The premium above net asset value in any of these methods effectively represents the goodwill value the buyer is willing to pay.

Goodwill and Equity

Goodwill amortisation and impairment charges reduce reported profits and therefore reduce equity (retained earnings) on the balance sheet over time. A large goodwill write-down can significantly impact a company’s net asset position and key financial ratios such as return on equity and debt-to-equity.

When assessing a company’s financial strength, analysts often look at tangible net assets (total equity minus intangible assets including goodwill) for a more conservative view of the company’s asset backing.

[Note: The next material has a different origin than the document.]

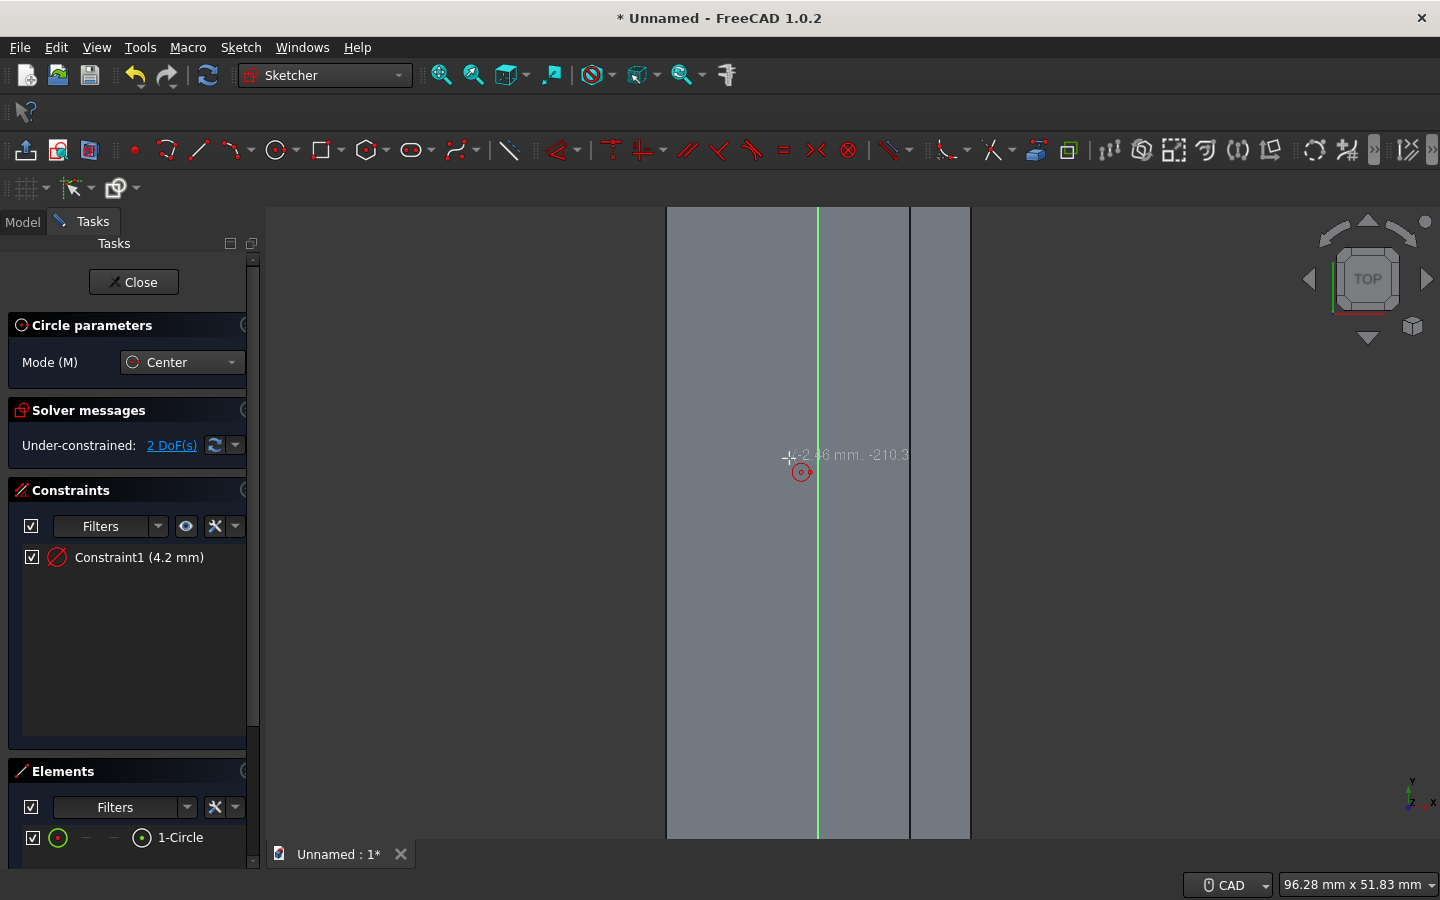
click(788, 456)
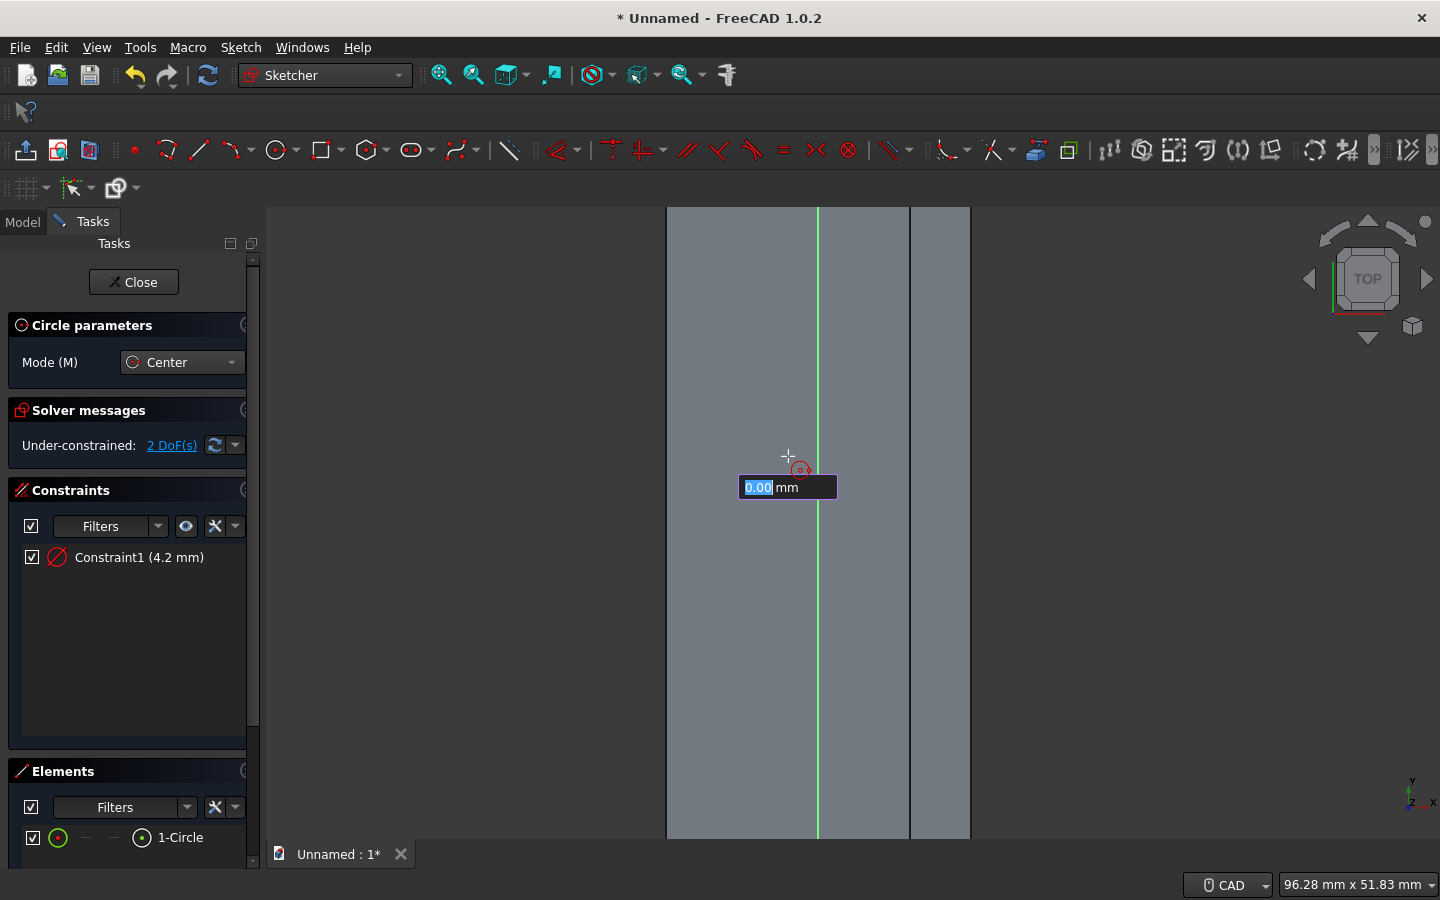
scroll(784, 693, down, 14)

Due Diligence and Goodwill Risk

Before an acquisition, the buyer should perform thorough due diligence to understand what the goodwill payment is buying. Areas of particular focus include:

  • Customer concentration: Is revenue heavily dependent on a few customers?
  • Key person risk: Will the business perform without its founders or key staff?
  • Contract security: Are customer and supplier contracts transferable?
  • Market trends: Is the market growing, stable, or declining?
  • Regulatory risk: Are there pending regulatory changes that could affect the business?

Overpaying for goodwill, because of inadequate due diligence, leads to future impairment charges that erode shareholder value.